Lake George is a lake in Hammond, Indiana, in the United States.

Lake George is in the far northwest corner of Indiana, part of the Chicago metropolitan area. It sits between Wolf Lake to the west and Lake Michigan to the east. Lake George has a north and south basin divided by the Lake George Trail, a 3.1 mi greenway. Calumet College of St. Joseph sits on the eastern shore of the lake.

Before development of the greater region, the area around Lake George was covered with wetlands, slow-moving rivers, and shallow lakes. In the 1900s, some of these areas were filled in with slag wastes from steel production and materials dredged from the Calumet River system. As a result, the lake has lost about half of its surface area and has become extremely shallow with a maximum depth of about 4 ft.

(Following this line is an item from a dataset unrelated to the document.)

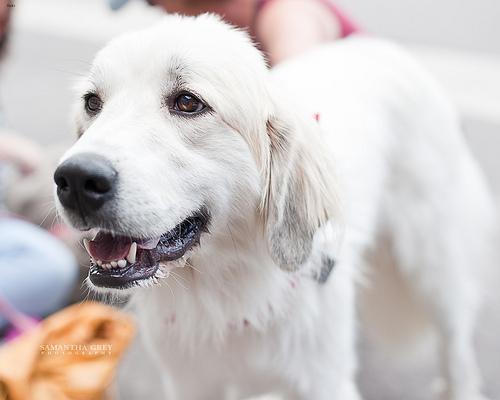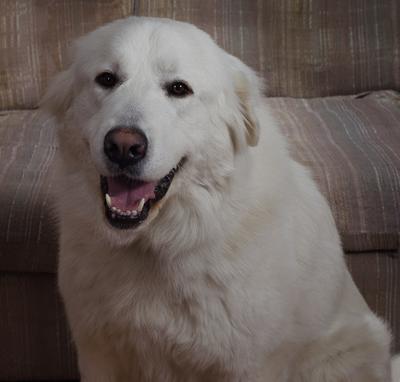The first image is the image on the left, the second image is the image on the right. For the images displayed, is the sentence "There is a picture of the white dogs full body and not just his head." factually correct? Answer yes or no. No. The first image is the image on the left, the second image is the image on the right. For the images shown, is this caption "One of the dogs is sitting in front of the sofa." true? Answer yes or no. Yes. 
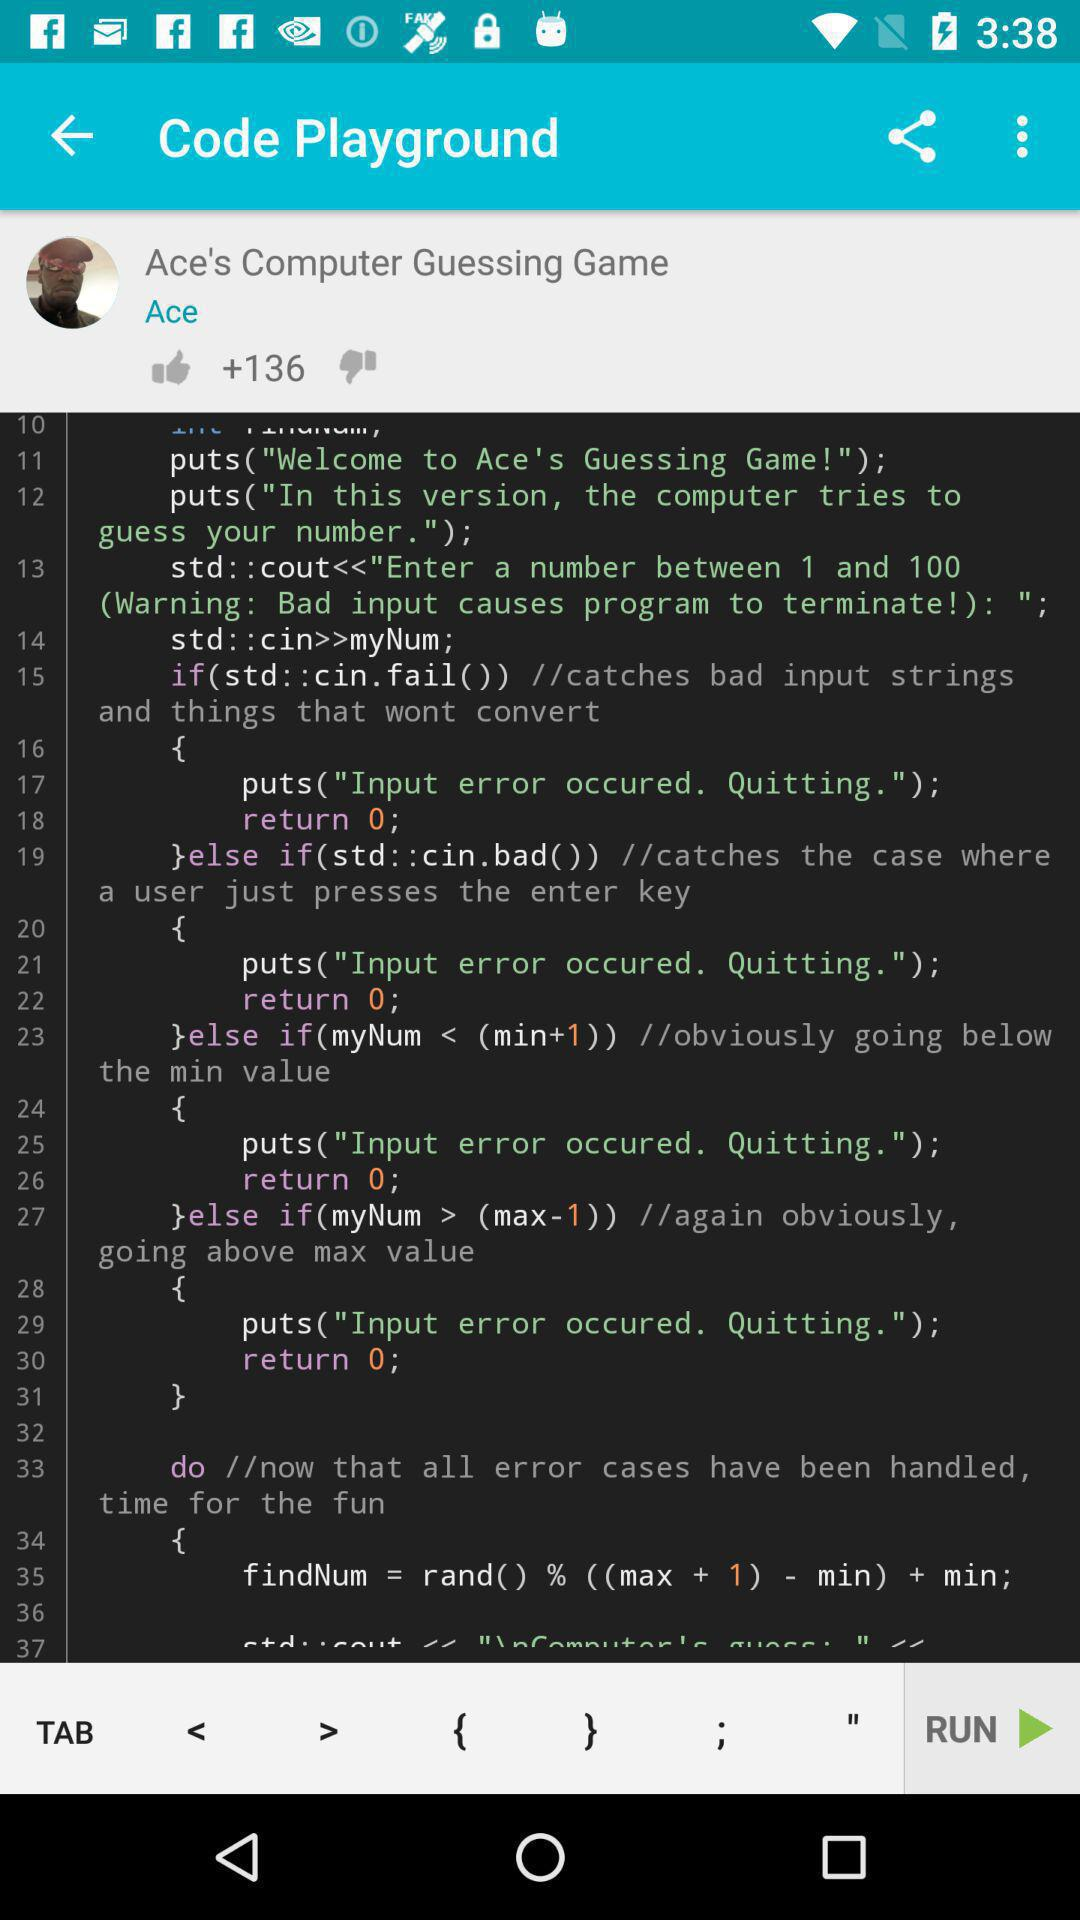When was "Ace's Computer Guessing Game" uploaded?
When the provided information is insufficient, respond with <no answer>. <no answer>

Studies in the 1990s demonstrated that phragmites and other non-native invasive plants had choked out native species in the lake. The Indiana Department of Natural Resources began a project in the 2010s to counteract the invasion of invasive plants and restore the larger Grand Calumet River area as a nesting and foraging habitat for birds. The restoration involves a combination of herbicide applications to kill the invasive species followed by re-seeding with native plants.

In addition, working through the Hammond port Authority, the city has added beaches, hiking and biking trails, improved fishing and boating facilities, and other entertainment venues, in an attempt to make Hammond a tourist destination.